DuPage museums bash features bubbles instead of bubbly
For hundreds of children dancing Monday inside North Central College's Wentz Concert Hall in Naperville, it didn't matter that the stroke of midnight was 12 hours away.
Nearly 600 children and their parents still donned tiaras reading "Happy New Year" and blew noisemakers — as well as lots of bubbles — to celebrate the new year at the DuPage Children's Museum's annual Bubble Bash.
The event has been a tradition for almost a decade and features music, giveaways, entertainment and a countdown to noon for children whose bedtimes land well before midnight on New Year's Eve.

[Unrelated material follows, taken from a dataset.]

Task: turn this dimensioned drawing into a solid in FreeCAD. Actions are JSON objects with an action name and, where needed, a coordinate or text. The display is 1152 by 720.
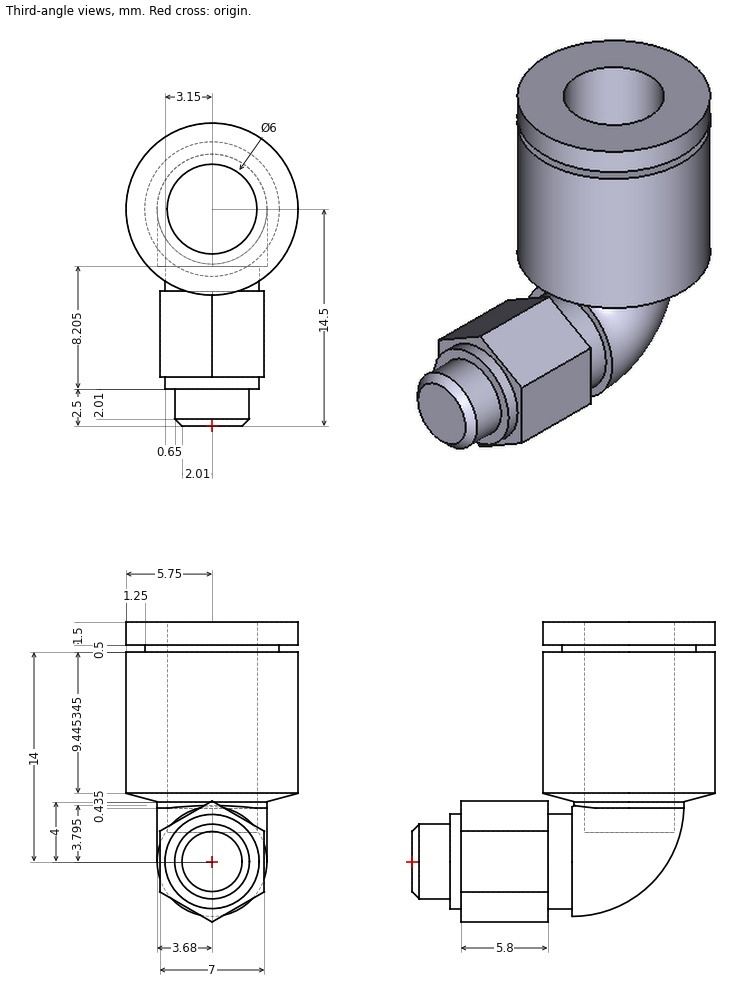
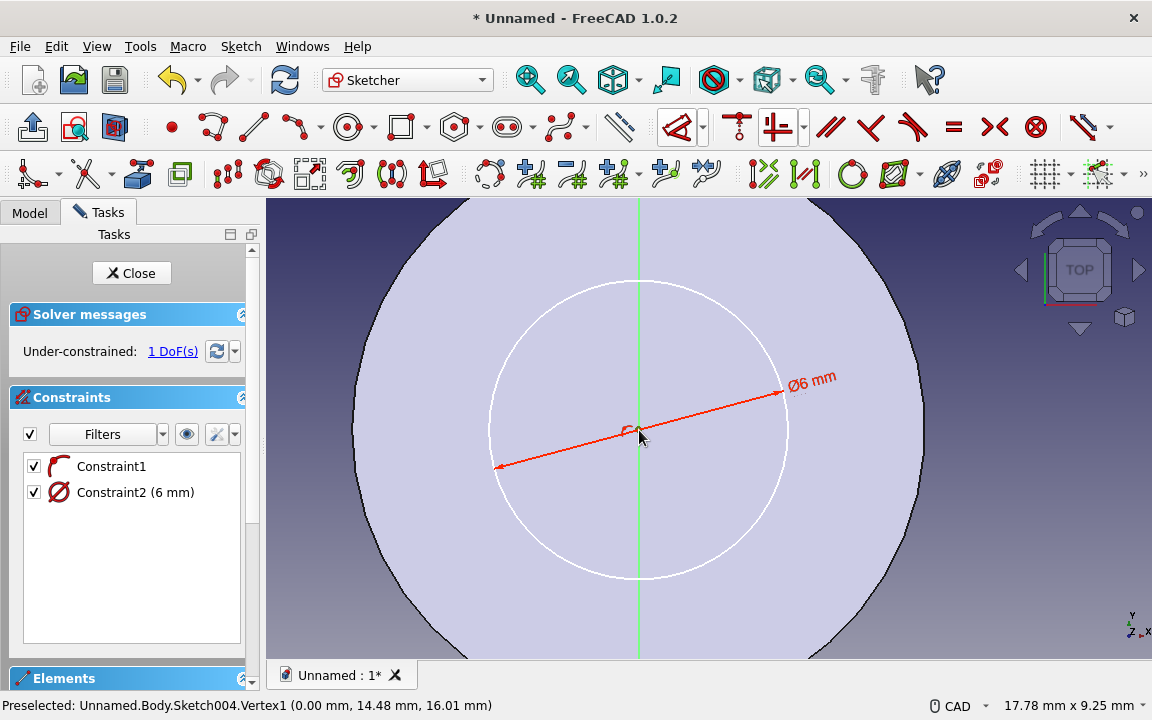
{"action": "key", "text": "i"}

"It's a way to bring what is traditionally an adult holiday to families," museum spokesman T.J. Hicks said.
Children were allowed to storm the stage and dance to tunes like "Jingle Bell Rock" performed live by Jeanie B. and the Jellybeans, as well as toss beach balls and wiggle in Hula-Hoops.
And to ensure the Bubble Bash lived up to its name, Geoff Akins dazzled both children and grown-ups with his "bubble master" skills.
Akins, of Barrington, used his hands, machines, wands and even a Hula-Hoop to create bubbles of all sizes, and even different shapes, including a square one.
His interactive show got lucky volunteers into the act, including two children who were encircled with giant bubbles. It also focused on educational skills like counting.
The bubbles and the music brought 7-year-old Julia Ham of Plainfield to her feet in applause. The bash is an annual tradition for Julia, her 3-year-old sister and their mother Lori, who said it's a great way for the kids to have their own New Year's party.
But the Ham girls didn't stay in their seats for long. Once Naperville Mayor George Pradel finished leading the countdown to noon, the three ran back onstage for the final fun of the day which was, of course, a Bubble Wrap stomp.
Organizers said they hosted the Bubble Bash at Wentz for the first time this year because a traveling exhibit on display at the museum through Jan. 27 called "How People Make Things" left little extra room. Hicks said space at the museum at 301 N. Washington St. in Naperville is also tight because workers are building a new SMART cafe (the acronym stands for science, math, art, reading and technology). The cafe will serve healthy food and have a grand opening at 10 a.m. Jan. 10 at the museum.
"People have definitely said they love having the Bubble Bash at the museum, but after today a lot of people had a blast in the concert hall, too," Hicks said. "So next year is still up in the air."